Curator Lynda Morris says: "This East exhibition began with the idea of 'resistance'. The work of many artists does not fit the object-based priorities of commercial art galleries and collectors. This challenging display features young artists from Europe, America, Asia and the Middle East with political agendas critical of existing structures. They are conc-erned with themes such as resistance to war, manipulation of truth, climate change or bio-technology."

All the exhibitors – some with headline-grabbing names such as Radio Goya, Making Things Better and Asnat Austerlitz – have been selected by veteran artist Gustav Metzger. The selector is himself a master in the art of resistance, having been born in Nuremberg in 1926 to Polish-Jewish parents.
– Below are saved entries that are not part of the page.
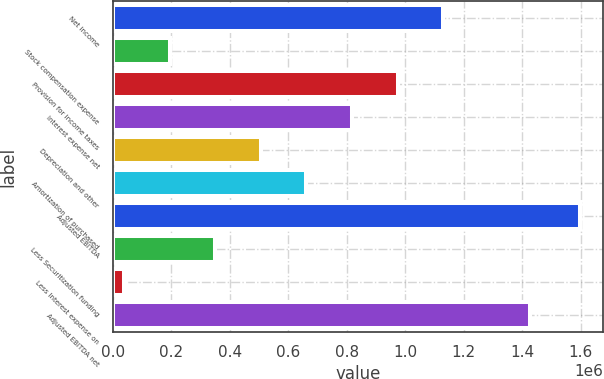Convert chart to OTSL. <chart><loc_0><loc_0><loc_500><loc_500><bar_chart><fcel>Net income<fcel>Stock compensation expense<fcel>Provision for income taxes<fcel>Interest expense net<fcel>Depreciation and other<fcel>Amortization of purchased<fcel>Adjusted EBITDA<fcel>Less Securitization funding<fcel>Less Interest expense on<fcel>Adjusted EBITDA net<nl><fcel>1.12934e+06<fcel>193514<fcel>973371<fcel>817400<fcel>505457<fcel>661428<fcel>1.59726e+06<fcel>349486<fcel>37543<fcel>1.42556e+06<nl></chart> 
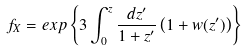Convert formula to latex. <formula><loc_0><loc_0><loc_500><loc_500>f _ { X } = e x p \left \{ 3 \int _ { 0 } ^ { z } \frac { d z ^ { \prime } } { 1 + z ^ { \prime } } \left ( 1 + w ( z ^ { \prime } ) \right ) \right \}</formula> 
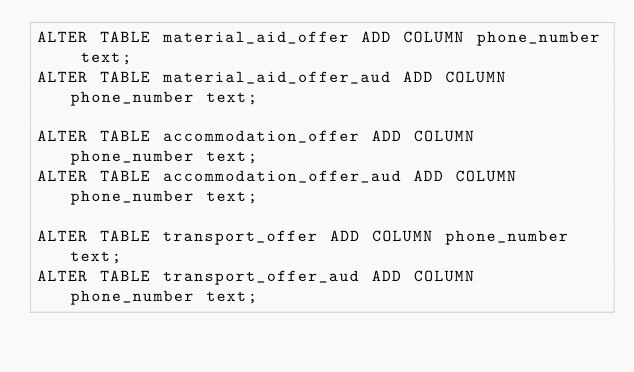<code> <loc_0><loc_0><loc_500><loc_500><_SQL_>ALTER TABLE material_aid_offer ADD COLUMN phone_number text;
ALTER TABLE material_aid_offer_aud ADD COLUMN phone_number text;

ALTER TABLE accommodation_offer ADD COLUMN phone_number text;
ALTER TABLE accommodation_offer_aud ADD COLUMN phone_number text;

ALTER TABLE transport_offer ADD COLUMN phone_number text;
ALTER TABLE transport_offer_aud ADD COLUMN phone_number text;
</code> 
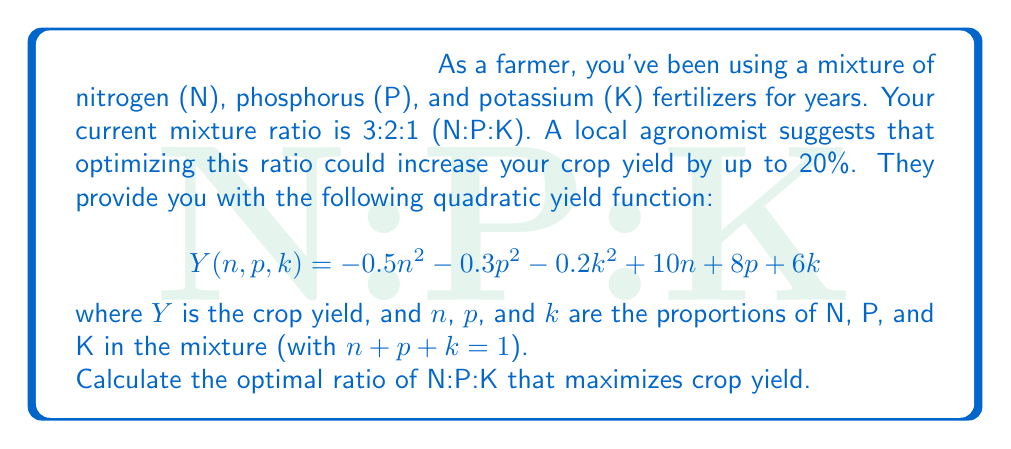Could you help me with this problem? To find the optimal ratio, we need to maximize the yield function $Y(n,p,k)$ subject to the constraint $n + p + k = 1$. We can use the method of Lagrange multipliers:

1) Form the Lagrangian function:
   $$L(n,p,k,\lambda) = -0.5n^2 - 0.3p^2 - 0.2k^2 + 10n + 8p + 6k + \lambda(1-n-p-k)$$

2) Take partial derivatives and set them to zero:
   $$\frac{\partial L}{\partial n} = -n + 10 - \lambda = 0$$
   $$\frac{\partial L}{\partial p} = -0.6p + 8 - \lambda = 0$$
   $$\frac{\partial L}{\partial k} = -0.4k + 6 - \lambda = 0$$
   $$\frac{\partial L}{\partial \lambda} = 1-n-p-k = 0$$

3) From these equations:
   $$n = 10 - \lambda$$
   $$p = \frac{8 - \lambda}{0.6} = \frac{40 - 5\lambda}{3}$$
   $$k = \frac{6 - \lambda}{0.4} = 15 - 2.5\lambda$$

4) Substitute these into the constraint equation:
   $$(10 - \lambda) + (\frac{40 - 5\lambda}{3}) + (15 - 2.5\lambda) = 1$$

5) Solve for $\lambda$:
   $$10 - \lambda + \frac{40 - 5\lambda}{3} + 15 - 2.5\lambda = 1$$
   $$30 - 3\lambda + 40 - 5\lambda + 45 - 7.5\lambda = 3$$
   $$115 - 15.5\lambda = 3$$
   $$112 = 15.5\lambda$$
   $$\lambda = \frac{112}{15.5} \approx 7.23$$

6) Substitute this value back to find $n$, $p$, and $k$:
   $$n = 10 - 7.23 = 2.77$$
   $$p = \frac{40 - 5(7.23)}{3} = 2.38$$
   $$k = 15 - 2.5(7.23) = 0.85$$

7) Normalize these values to get the ratio:
   $$N:P:K = 2.77 : 2.38 : 0.85 \approx 3.26 : 2.80 : 1$$
Answer: 3.26 : 2.80 : 1

He and his brother escaped the Nazis in 1939, on one of the last kindertransport trains to reach England.

A stateless person since 1948, he studied drawing under the brilliant David Bomberg and lived in King's Lynn in the 1950s.

As a founder member of the Committee of 100, Metzger was jailed along with Bertrand Russell after protests against nuclear weapons.

The selector has new or retrospective exhibitions opening in Vienna, Tate Liverpool and London's Cubitt Gallery this year.